Sexual education refers to the instructions about sexual anatomy, reproduction, intercourse, abstinence, and birth control. It is essential to give teenagers accurate information to help them develop proper insights and values regarding sexuality. Parents, teachers, and counseling agencies are the sources of sexual education in the society (Daniel, 2008, p.21). Contraception is a birth control method that prevents one from unwanted pregnancies, and in some instances from the risk of diseases such as HIV. There are various types of contraceptives for both men and women, and a common contraceptive is the condom. Knowledge on sexual matters enables the young generation to improve on their interpersonal relationships, and make responsible decisions.
One of the ethical issues in sexual education and contraceptive use in teenagers lies on the perception of sexuality. Many parents assume that it is the teachers’ role to inform the teenagers on sex related issues. Abstinence has been the only advocated issue to teenagers for a long time. Today, most people have realized that teenagers engage in sexual activities regardless of abstinence campaigns, and so it is vital to avail other forms of contraceptives.

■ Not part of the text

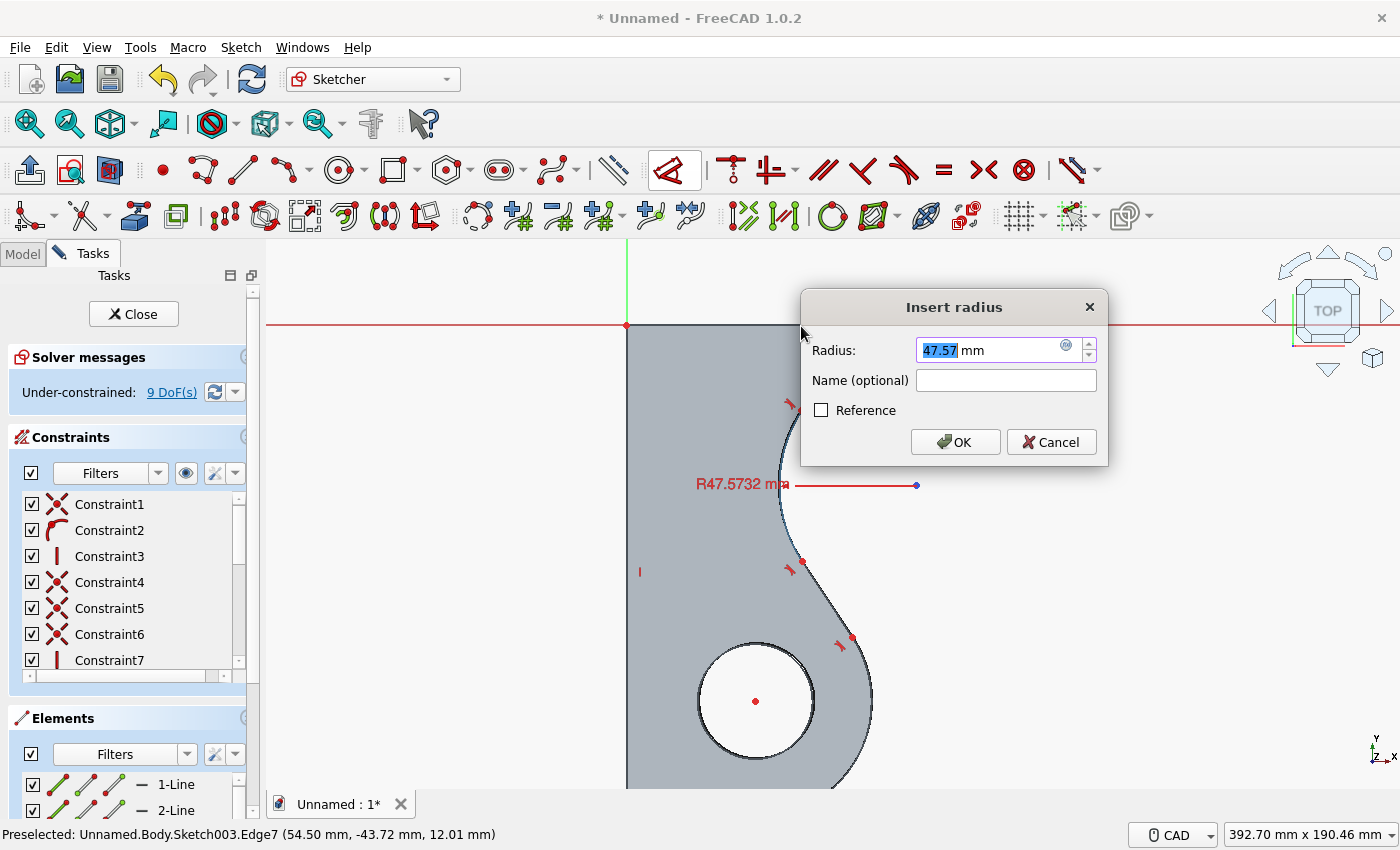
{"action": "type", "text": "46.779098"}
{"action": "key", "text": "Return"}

Sexual education should focus on giving teenagers knowledge without discrimination; all information regarding the subject is essential. Counselors should incorporate religious aspects on sexuality to ensure appropriate guidance. It is ethical to include homosexuality in educating the youth on sexuality (Caroline & Alexandra, 2006, p.12). People are finally accepting homosexuality as part of their lives, and gay marriages are now legalized in several countries. Initially homosexuals were isolated, and this denied them the right to live normal lives. Teenagers should be discouraged from irresponsible sexual behaviors as contraceptives do not always prevent pregnancy or transmission of diseases. Use of contraceptives should not encourage sexual intercourse among young people, but should be used to educate them on responsible sexual behavior.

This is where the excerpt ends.